TRADE DEAL WITH TRUMP
Once again, the Conservatives believe Carney looks vulnerable on trade with the United States. He has had to apologize for a Doug Ford-inspired advertisement that ran against Trump. He has been caught sounding glib when asked about the last time he spoke with the American president, replying, “Who cares?” at a press conference and then defending his response because it seemed out of touch with Canadians’ concerns about food prices and other American staples. The elbows-up approach worked in 2025, but will it work in 2026? Have Canadians seen enough bickering with the U.S., or do they like the David versus Goliath dynamic? Carney will have to play this carefully. Too much of a good thing can flood the zone, creating problems that quickly become unwieldy. Trump seemed to like Carney simply because he was not Trudeau. If that changes and Trump considers Carney an obstacle, unwilling to cooperate, he could undermine a Canadian prime minister. The president could make business folks nervous, become truculent about issues on the table, and embarrass Carney in public. Canadians may see this as too much or see it as evidence that Carney can’t make a deal with Trump. An election would not be far off if the Conservatives think Canadian voters have lost confidence in Carney on an issue as important as American trade.
Canadians will hear a lot about these issues in the months to come. This author suspects that sometime in mid to late spring, we will find out that the Carney government needs a new mandate to proceed. This author strongly suspects that one of these four issues will be the grounds for forcing Canadians back to the polls in 2026, much sooner than many had originally thought, but exactly when Carney hopes to mastermind the perfect environment for a Liberal majority. This will test Carney’s acumen as a party leader and determine his eventual ranking as a prime minister of substance and accomplishment, or one as a quickly fading vapour who served as a caretaker between the woke government of Trudeau and the populist one of Pierre Poilievre.
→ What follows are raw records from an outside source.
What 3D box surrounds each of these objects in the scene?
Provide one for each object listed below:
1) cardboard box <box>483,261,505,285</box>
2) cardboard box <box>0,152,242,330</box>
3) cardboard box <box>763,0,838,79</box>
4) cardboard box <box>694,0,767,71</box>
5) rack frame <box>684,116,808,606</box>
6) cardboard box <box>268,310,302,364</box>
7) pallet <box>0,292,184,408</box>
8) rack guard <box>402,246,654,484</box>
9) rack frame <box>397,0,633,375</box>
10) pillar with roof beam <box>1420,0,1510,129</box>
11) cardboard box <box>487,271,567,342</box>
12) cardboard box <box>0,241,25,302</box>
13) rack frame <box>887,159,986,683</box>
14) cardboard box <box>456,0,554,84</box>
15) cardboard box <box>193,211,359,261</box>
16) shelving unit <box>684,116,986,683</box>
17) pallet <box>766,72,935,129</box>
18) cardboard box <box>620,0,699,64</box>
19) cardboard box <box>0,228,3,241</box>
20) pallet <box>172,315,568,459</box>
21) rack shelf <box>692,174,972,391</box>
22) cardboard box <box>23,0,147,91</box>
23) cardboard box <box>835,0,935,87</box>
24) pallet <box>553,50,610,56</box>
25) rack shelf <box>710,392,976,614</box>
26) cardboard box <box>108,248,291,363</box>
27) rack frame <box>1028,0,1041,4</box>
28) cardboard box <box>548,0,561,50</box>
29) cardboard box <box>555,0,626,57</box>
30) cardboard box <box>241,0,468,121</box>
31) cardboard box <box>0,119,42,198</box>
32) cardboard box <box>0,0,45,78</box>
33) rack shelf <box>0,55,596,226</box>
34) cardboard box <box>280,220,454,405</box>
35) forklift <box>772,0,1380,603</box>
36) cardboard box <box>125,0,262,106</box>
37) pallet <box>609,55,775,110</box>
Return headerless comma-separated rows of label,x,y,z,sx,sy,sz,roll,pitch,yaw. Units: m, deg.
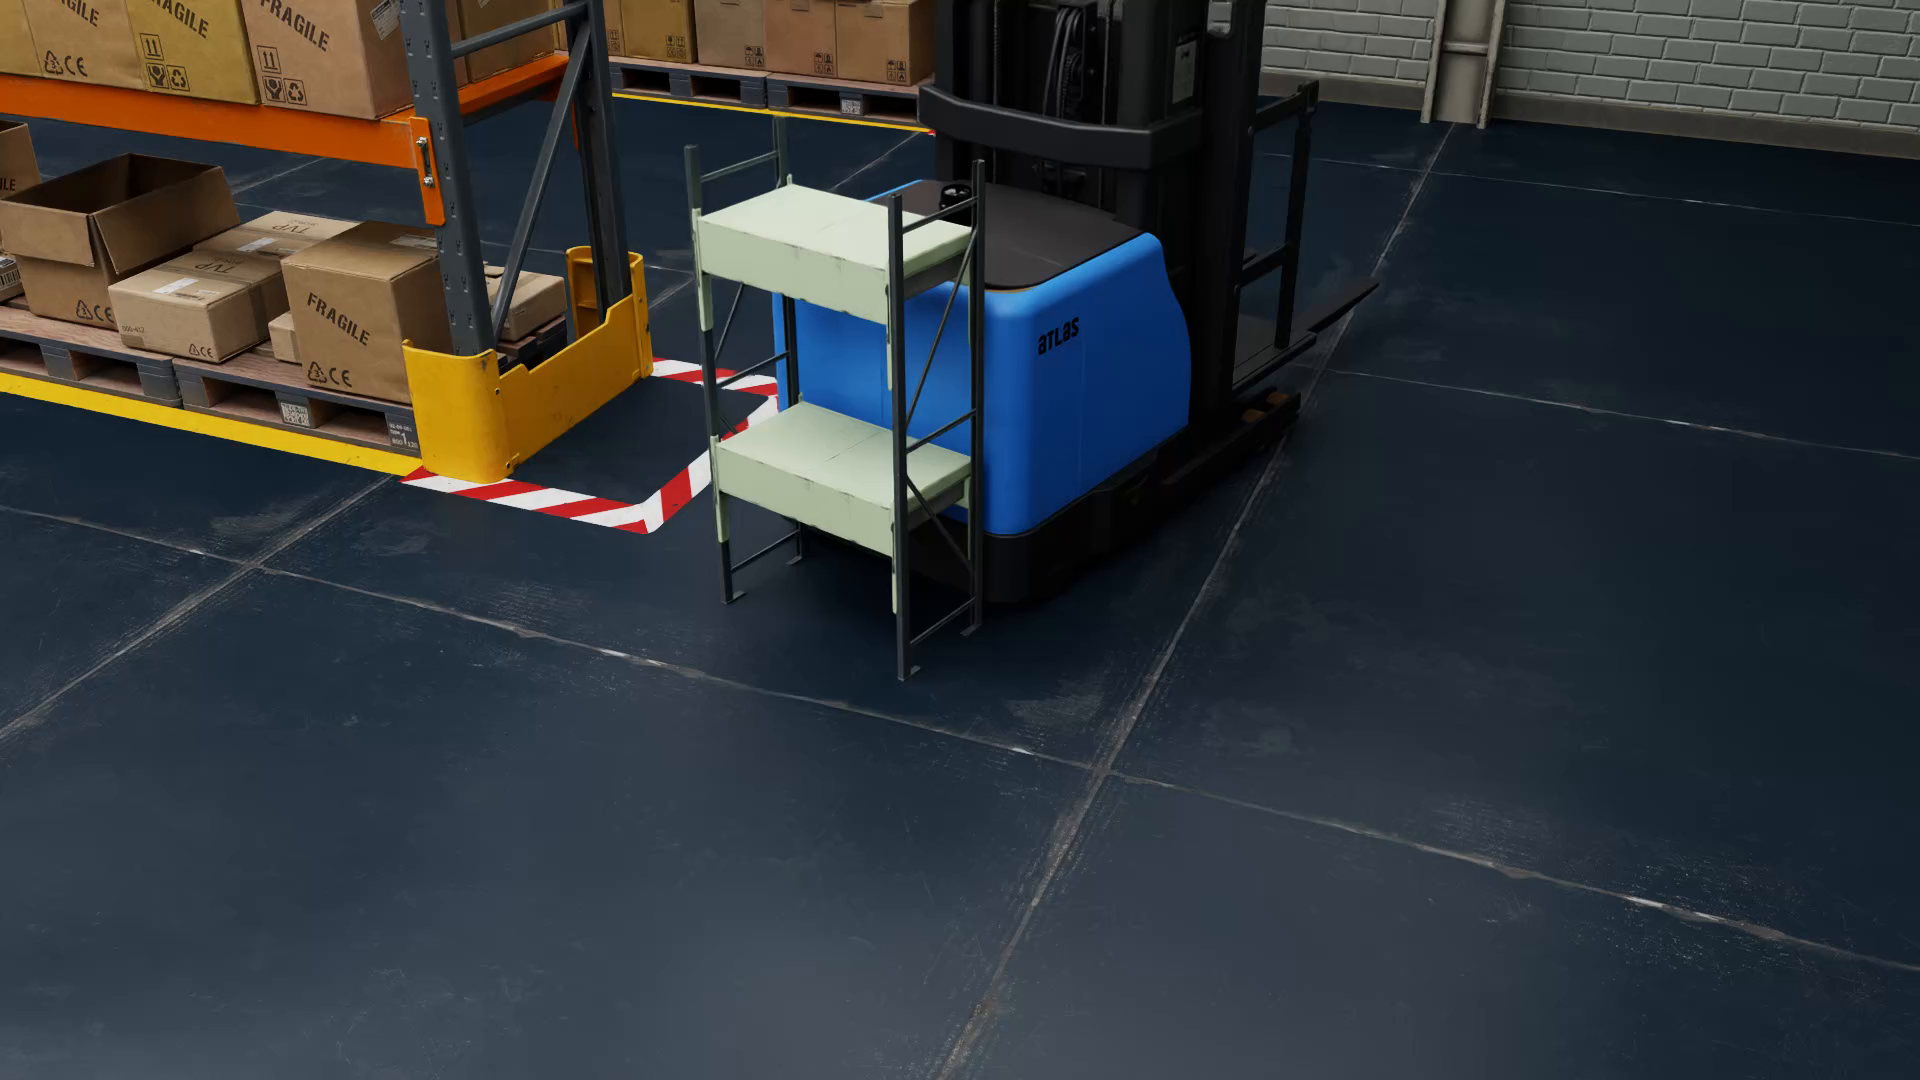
cardboard box,-2.070,-1.025,6.947,0.250,0.166,0.380,11,31,19
cardboard box,-3.544,-1.286,7.066,0.637,0.503,0.797,11,31,19
cardboard box,-0.871,-3.317,10.683,0.500,0.500,0.700,11,31,19
cardboard box,-1.337,-3.409,10.847,0.500,0.500,0.700,10,31,17
rack frame,-0.644,-0.522,5.149,0.023,1.500,0.400,20,35,31
cardboard box,-2.518,-0.848,6.635,0.250,0.166,0.380,11,31,19
pallet,-3.516,-0.960,7.233,1.213,0.211,1.003,11,31,19
rack guard,-1.650,-0.712,6.502,0.348,0.500,1.175,11,31,19
rack frame,-1.580,-1.786,5.862,0.127,3.000,1.000,11,31,19
pillar with roof beam,1.488,-4.589,4.724,0.400,9.000,9.100,11,31,19
cardboard box,-1.839,-0.971,6.869,0.250,0.149,0.380,11,31,19
cardboard box,-4.174,-1.152,7.173,0.250,0.166,0.380,11,31,19
rack frame,-0.058,-0.306,4.767,0.023,1.500,0.400,20,35,31
cardboard box,-1.892,-2.032,6.195,0.500,0.500,0.500,12,32,20
cardboard box,-2.904,-1.196,7.164,0.500,0.250,0.500,11,31,19
shelving unit,-0.351,-0.414,4.958,0.755,1.500,0.431,20,35,31
pallet,-0.491,-2.944,10.744,1.213,0.211,1.003,11,31,19
cardboard box,-1.834,-3.505,11.015,0.500,0.500,0.700,12,32,20
cardboard box,-3.957,-1.432,7.521,0.500,0.311,0.500,11,31,19
pallet,-2.390,-0.733,6.833,1.213,0.211,1.003,11,31,19
rack shelf,-0.351,-0.754,4.766,0.720,0.370,0.431,20,35,31
cardboard box,-3.040,-1.978,6.099,0.500,0.500,0.500,12,31,20
cardboard box,-0.407,-3.224,10.519,0.500,0.500,0.700,11,31,19
pallet,-2.752,-3.395,11.542,1.213,0.211,1.003,11,31,19
rack shelf,-0.351,-0.130,5.119,0.720,0.370,0.431,20,35,31
cardboard box,-3.045,-0.958,6.744,0.500,0.250,0.500,11,31,19
rack frame,0.279,-4.045,9.859,0.127,3.000,1.000,11,31,19
cardboard box,-2.773,-3.695,11.352,0.500,0.500,0.700,12,32,20
cardboard box,-2.309,-3.601,11.185,0.500,0.500,0.700,11,31,19
cardboard box,-2.097,-1.788,5.764,0.500,0.500,0.500,12,32,21
cardboard box,-4.652,-1.653,7.720,0.500,0.500,0.500,11,31,19
cardboard box,-3.507,-2.071,6.264,0.500,0.500,0.500,11,31,18
rack shelf,-3.433,-1.843,6.693,4.000,0.370,1.077,11,31,19
cardboard box,-2.176,-0.878,6.348,0.500,0.500,0.500,11,31,19
forklift,0.669,-1.740,5.849,1.130,2.935,3.031,21,35,32
cardboard box,-2.579,-1.883,5.931,0.500,0.500,0.500,12,31,20
pallet,-1.618,-3.170,11.144,1.213,0.211,1.003,11,31,19

Dave Redekop is a retired elementary resource teacher who worked as a Registrar part-time at the St. Catharines Courthouse until being appointed Executive Director at Redeemer Bible Church in October 2023 (RBC does not necessarily endorse his opinions in this column). He has worked on political campaigns since high school and attended university in South Carolina for five years, earning a Master’s in American History with a specialization in Civil Rights. Dave loves reading biographies.